El dolor había afilado la palabra en la garganta,
podía verse,
se ha enredado en la lengua.
Podía verse,
tiene tanto callado,
reclama la atención debida
con el vidrio de sus ojos,
con el eco de las vísceras
que han vivido en el silencio
y gritan.
No se olvida
porque ha intentado matarse para olvidar
y no ha podido.
Se apagará,
tedioso irse despacio,
acumulando el tormento,
del silencio de una vida,
reflejo del vestigio irritante,
y rompe el espejo,
que indolente le vomita a su yo
partido en dos.
En ella habita toda precariedad,
toda la sal secante
de los mares muertos,
en ella chirría la locura,
hay un sol que se ha quedado dormido,
y la luna está cansada.
La voz, de lo no dicho, late en las sienes
y un sudor tibio recorre la espalda.
Tiritando.
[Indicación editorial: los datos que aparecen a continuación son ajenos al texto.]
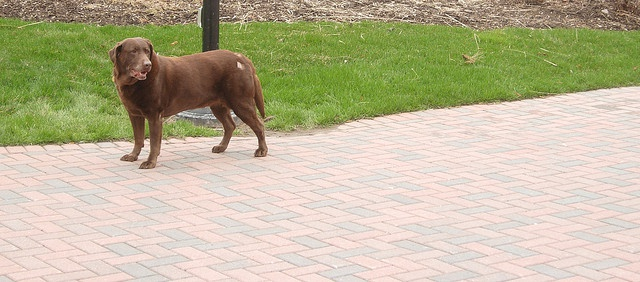Describe the objects in this image and their specific colors. I can see a dog in tan, maroon, brown, gray, and black tones in this image. 
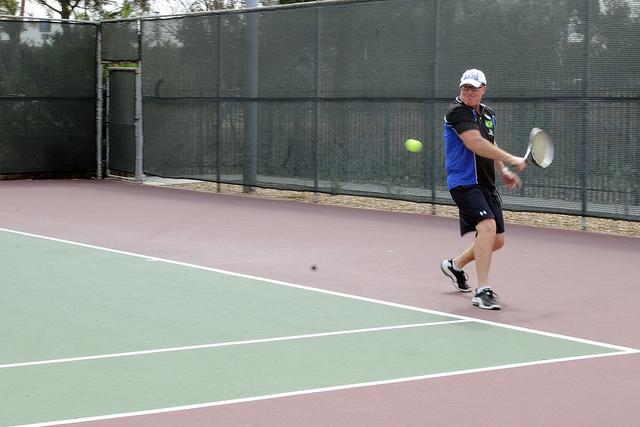What color is the tennis court?
Answer briefly. Green. Is the player going to use a forehand stroke?
Be succinct. No. What color is the tennis ball near the man?
Keep it brief. Yellow. 
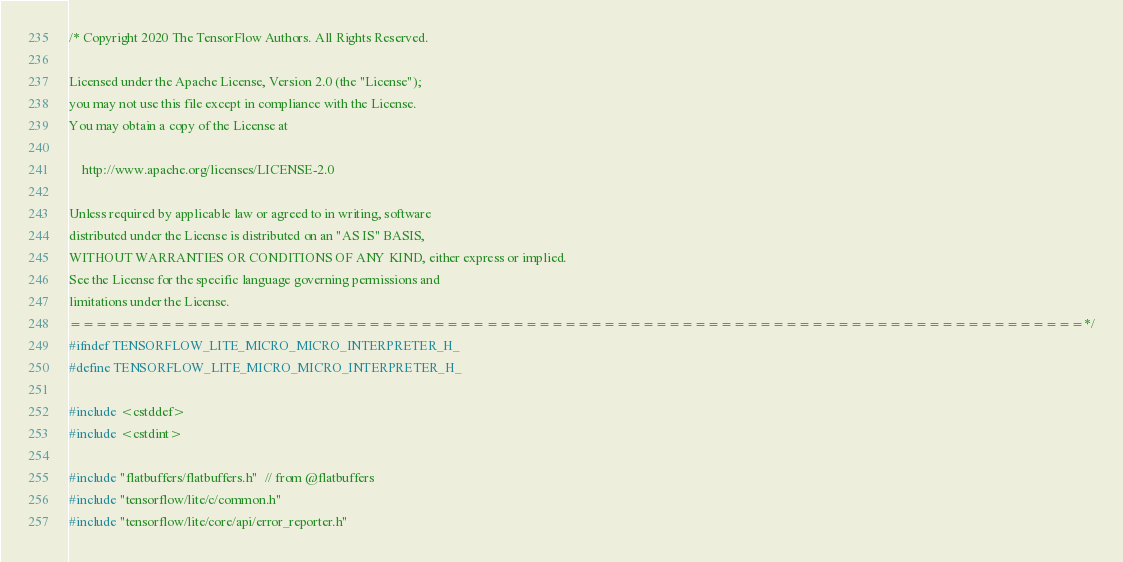Convert code to text. <code><loc_0><loc_0><loc_500><loc_500><_C_>/* Copyright 2020 The TensorFlow Authors. All Rights Reserved.

Licensed under the Apache License, Version 2.0 (the "License");
you may not use this file except in compliance with the License.
You may obtain a copy of the License at

    http://www.apache.org/licenses/LICENSE-2.0

Unless required by applicable law or agreed to in writing, software
distributed under the License is distributed on an "AS IS" BASIS,
WITHOUT WARRANTIES OR CONDITIONS OF ANY KIND, either express or implied.
See the License for the specific language governing permissions and
limitations under the License.
==============================================================================*/
#ifndef TENSORFLOW_LITE_MICRO_MICRO_INTERPRETER_H_
#define TENSORFLOW_LITE_MICRO_MICRO_INTERPRETER_H_

#include <cstddef>
#include <cstdint>

#include "flatbuffers/flatbuffers.h"  // from @flatbuffers
#include "tensorflow/lite/c/common.h"
#include "tensorflow/lite/core/api/error_reporter.h"</code> 
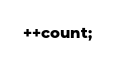Convert code to text. <code><loc_0><loc_0><loc_500><loc_500><_ObjectiveC_>++count;
</code> 
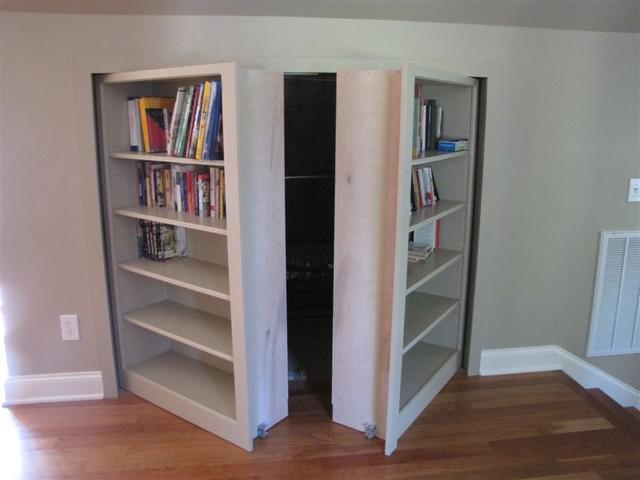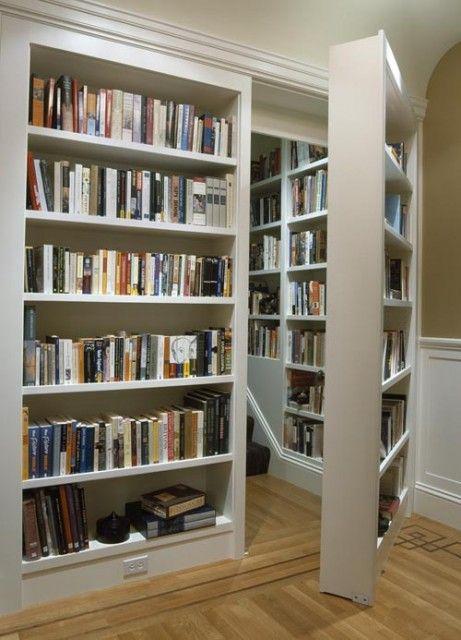The first image is the image on the left, the second image is the image on the right. Examine the images to the left and right. Is the description "There is at least one chair near the bookshelves." accurate? Answer yes or no. No. 
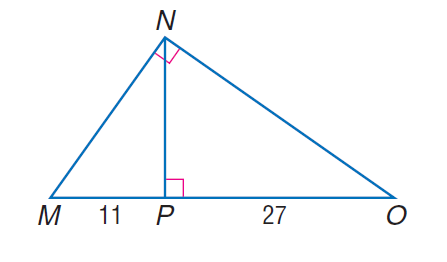Answer the mathemtical geometry problem and directly provide the correct option letter.
Question: Find the measure of the altitude drawn to the hypotenuse.
Choices: A: 11 B: \sqrt { 297 } C: 27 D: 297 B 
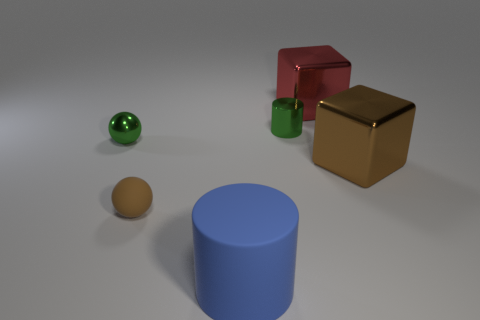Add 3 large rubber cylinders. How many objects exist? 9 Subtract all blocks. How many objects are left? 4 Add 2 green spheres. How many green spheres are left? 3 Add 6 big brown matte objects. How many big brown matte objects exist? 6 Subtract 0 brown cylinders. How many objects are left? 6 Subtract all big red things. Subtract all green metallic spheres. How many objects are left? 4 
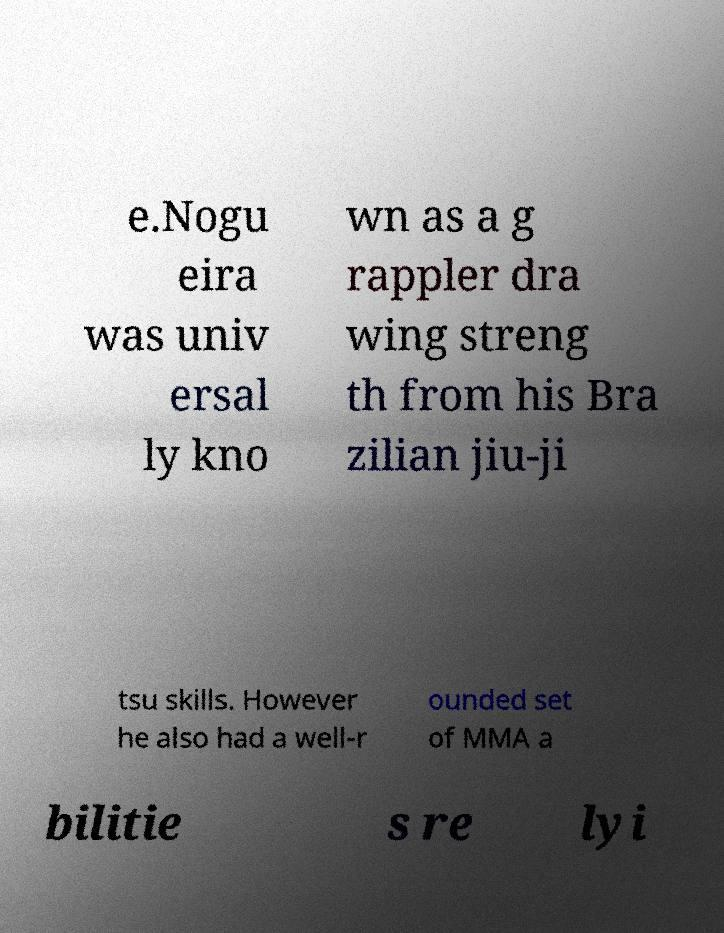There's text embedded in this image that I need extracted. Can you transcribe it verbatim? e.Nogu eira was univ ersal ly kno wn as a g rappler dra wing streng th from his Bra zilian jiu-ji tsu skills. However he also had a well-r ounded set of MMA a bilitie s re lyi 
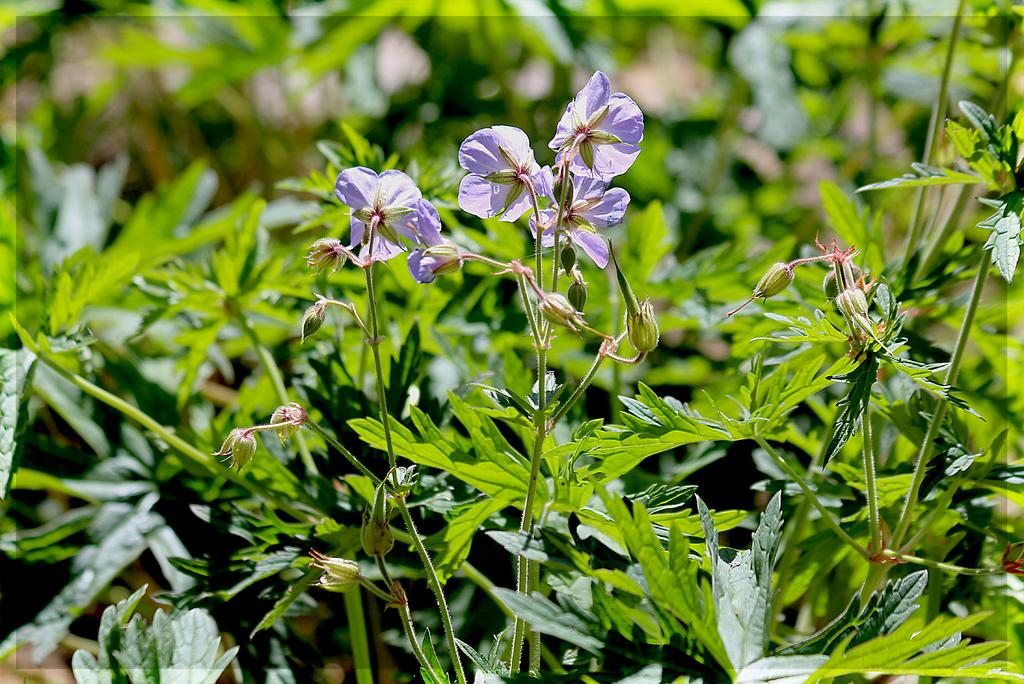What type of flora can be seen in the image? There are flowers in the image. Can you describe the flowers in more detail? The flowers have buds on the stems. What else can be seen in the background of the image? There are plants visible behind the flowers. What is the route taken by the bun in the image? There is no bun present in the image, so it is not possible to determine a route. 
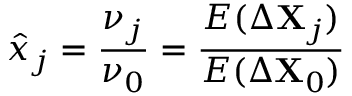Convert formula to latex. <formula><loc_0><loc_0><loc_500><loc_500>\hat { x } _ { j } = \frac { \nu _ { j } } { \nu _ { 0 } } = \frac { E ( \Delta X _ { j } ) } { E ( \Delta X _ { 0 } ) }</formula> 
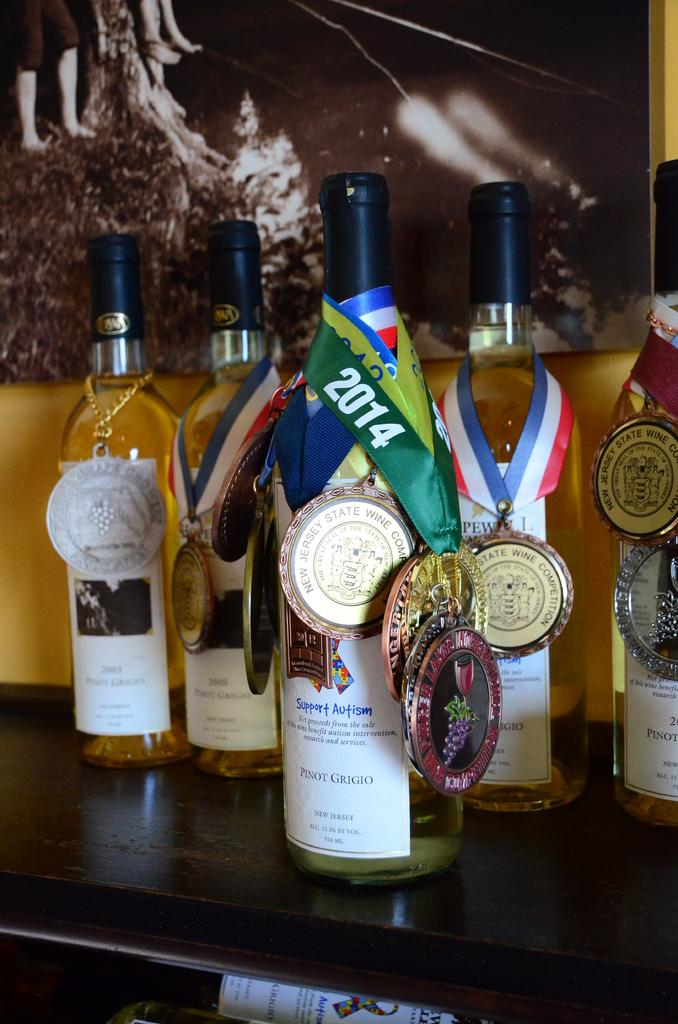<image>
Summarize the visual content of the image. A bottle of wine with an award that says 2014 is on a table.

Repicando.
En la quietud de los sueños fingidos
cierra los ojos en el eterno insomnio
de la duda de estar viva.
No lo va a decir.
Se ha emborrachado
con el licor de las palabras terminales
que envenena, todo lo colma
de astillas, de caliza,
convertirse en ceniza,
el mejor de sus finales.
Va a bajar la mirada
en el instante preciso
en el que el tiempo se corte
por decir lo que no ha dicho.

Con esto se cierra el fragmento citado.